▶ _Source records_
───
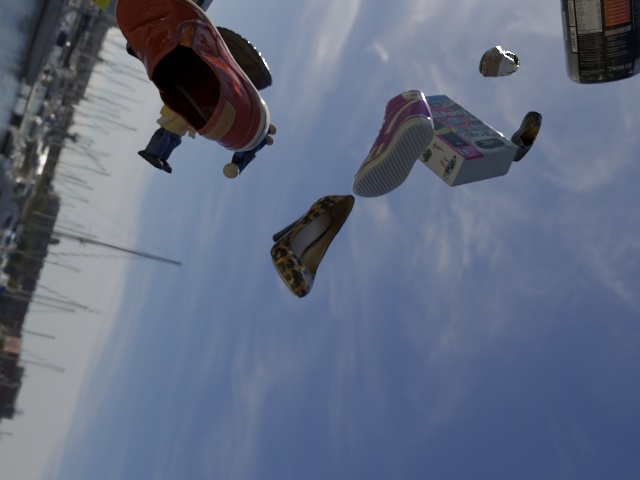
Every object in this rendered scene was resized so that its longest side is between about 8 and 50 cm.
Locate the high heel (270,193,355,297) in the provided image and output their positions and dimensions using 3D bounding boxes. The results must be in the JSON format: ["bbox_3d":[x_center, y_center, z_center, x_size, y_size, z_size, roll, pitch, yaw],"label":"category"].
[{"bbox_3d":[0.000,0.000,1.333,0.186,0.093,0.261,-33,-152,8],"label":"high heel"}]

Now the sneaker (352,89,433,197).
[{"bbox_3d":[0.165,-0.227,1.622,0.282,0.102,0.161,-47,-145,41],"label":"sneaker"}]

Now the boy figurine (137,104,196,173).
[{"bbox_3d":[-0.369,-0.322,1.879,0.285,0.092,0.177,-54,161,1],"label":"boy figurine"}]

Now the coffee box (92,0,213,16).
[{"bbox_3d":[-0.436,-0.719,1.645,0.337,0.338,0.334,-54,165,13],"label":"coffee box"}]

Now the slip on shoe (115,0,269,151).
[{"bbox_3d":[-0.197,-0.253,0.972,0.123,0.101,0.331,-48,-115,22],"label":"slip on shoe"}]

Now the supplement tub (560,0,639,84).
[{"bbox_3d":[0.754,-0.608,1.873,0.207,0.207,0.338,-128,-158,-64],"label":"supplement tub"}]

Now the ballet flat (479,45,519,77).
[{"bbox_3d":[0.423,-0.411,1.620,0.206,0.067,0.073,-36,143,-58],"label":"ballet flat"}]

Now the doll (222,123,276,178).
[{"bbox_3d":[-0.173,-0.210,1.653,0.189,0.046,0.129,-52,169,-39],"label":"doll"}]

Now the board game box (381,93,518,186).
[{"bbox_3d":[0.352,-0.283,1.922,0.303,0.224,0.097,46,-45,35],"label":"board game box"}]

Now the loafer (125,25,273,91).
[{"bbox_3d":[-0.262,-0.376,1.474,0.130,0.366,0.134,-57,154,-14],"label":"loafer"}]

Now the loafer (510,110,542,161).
───
▶ _ACTIVITY_
Above are the records; print them all exactly and keep the pictures out.

▶ _RESULT_
Every object in this rendered scene was resized so that its longest side is between about 8 and 50 cm.
Locate the high heel (270,193,355,297) in the provided image and output their positions and dimensions using 3D bounding boxes. The results must be in the JSON format: ["bbox_3d":[x_center, y_center, z_center, x_size, y_size, z_size, roll, pitch, yaw],"label":"category"].
[{"bbox_3d":[0.000,0.000,1.333,0.186,0.093,0.261,-33,-152,8],"label":"high heel"}]

Now the sneaker (352,89,433,197).
[{"bbox_3d":[0.165,-0.227,1.622,0.282,0.102,0.161,-47,-145,41],"label":"sneaker"}]

Now the boy figurine (137,104,196,173).
[{"bbox_3d":[-0.369,-0.322,1.879,0.285,0.092,0.177,-54,161,1],"label":"boy figurine"}]

Now the coffee box (92,0,213,16).
[{"bbox_3d":[-0.436,-0.719,1.645,0.337,0.338,0.334,-54,165,13],"label":"coffee box"}]

Now the slip on shoe (115,0,269,151).
[{"bbox_3d":[-0.197,-0.253,0.972,0.123,0.101,0.331,-48,-115,22],"label":"slip on shoe"}]

Now the supplement tub (560,0,639,84).
[{"bbox_3d":[0.754,-0.608,1.873,0.207,0.207,0.338,-128,-158,-64],"label":"supplement tub"}]

Now the ballet flat (479,45,519,77).
[{"bbox_3d":[0.423,-0.411,1.620,0.206,0.067,0.073,-36,143,-58],"label":"ballet flat"}]

Now the doll (222,123,276,178).
[{"bbox_3d":[-0.173,-0.210,1.653,0.189,0.046,0.129,-52,169,-39],"label":"doll"}]

Now the board game box (381,93,518,186).
[{"bbox_3d":[0.352,-0.283,1.922,0.303,0.224,0.097,46,-45,35],"label":"board game box"}]

Now the loafer (125,25,273,91).
[{"bbox_3d":[-0.262,-0.376,1.474,0.130,0.366,0.134,-57,154,-14],"label":"loafer"}]

Now the loafer (510,110,542,161).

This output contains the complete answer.